Now we divide 10000000 which is the least number of 8 digits to find out if it is divisible by 3344
We need 10001904 to make is completely divisible by 3344.
Hence, since 15 is the remainder which is left in every case, hence, we can say that 10001904 + 15
Ie 10001919 is the least number which when divided by 38, 22 and 16 leaves a remainder of 15 in every case.
Answer:
The smallest 8-digit number which gives 15 as a remainder when divided by 38, 22 and 16 is 10000015
Step-by-step explanation:
From the above question,
To locate the smallest 8-digit variety that offers a the rest of 15 when divided by using 38, 22, and 16, we can observe these steps:
- Step 1: Find the least frequent more than one (LCM) of the three divisors.
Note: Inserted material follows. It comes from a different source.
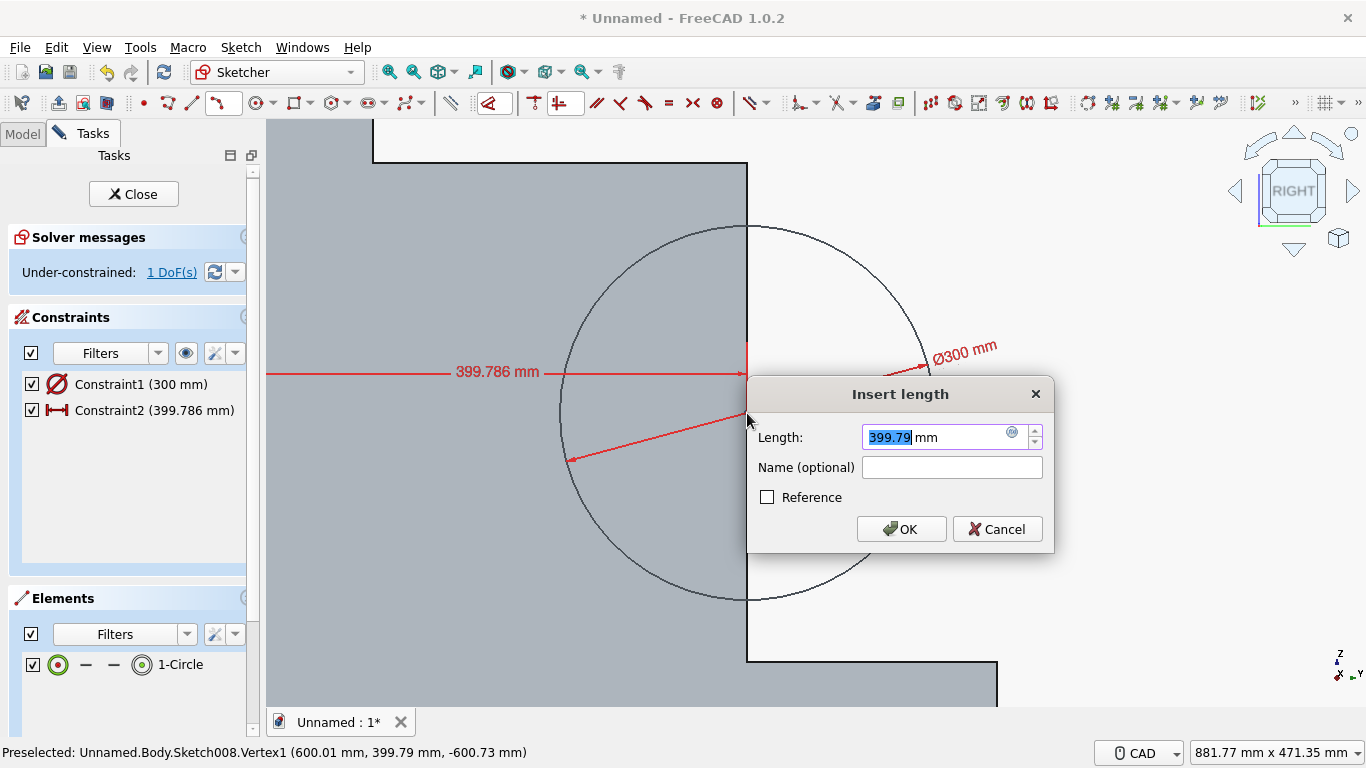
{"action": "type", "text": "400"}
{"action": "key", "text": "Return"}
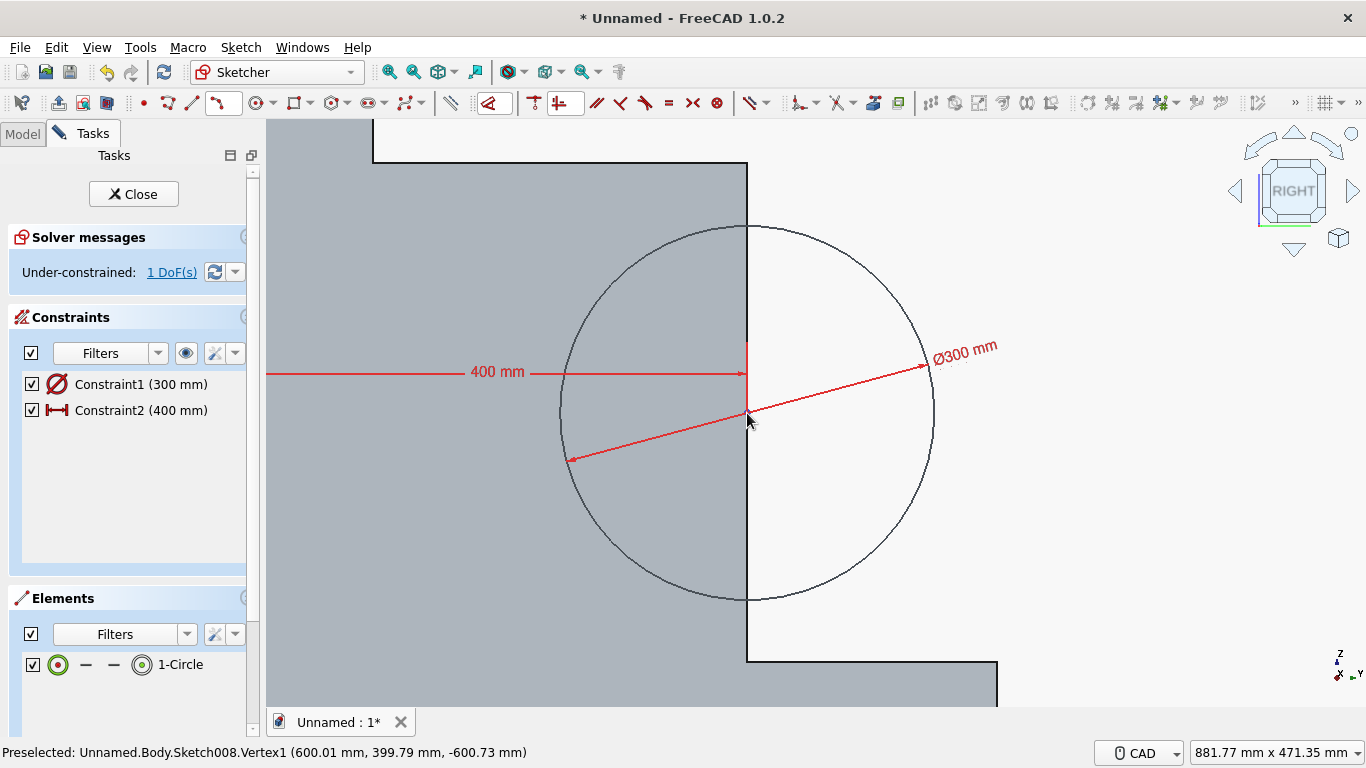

The LCM of 38, 22, and sixteen is 836.
- Step 2: Add the the rest of 15 to the LCM determined in step 1.
836 + 15 = 851.
Therefore,
The smallest 8-digit range that offers a the rest of 15 when divided by means of 38, 22, and sixteen is 10,000,015 (i.e., the 8-digit wide variety that begins with 1 and has 7 zeros after it), seeing that it is the smallest variety that is increased than or equal to 851 and leaves a the rest of 15 when divided by means of 38, 22, and 16.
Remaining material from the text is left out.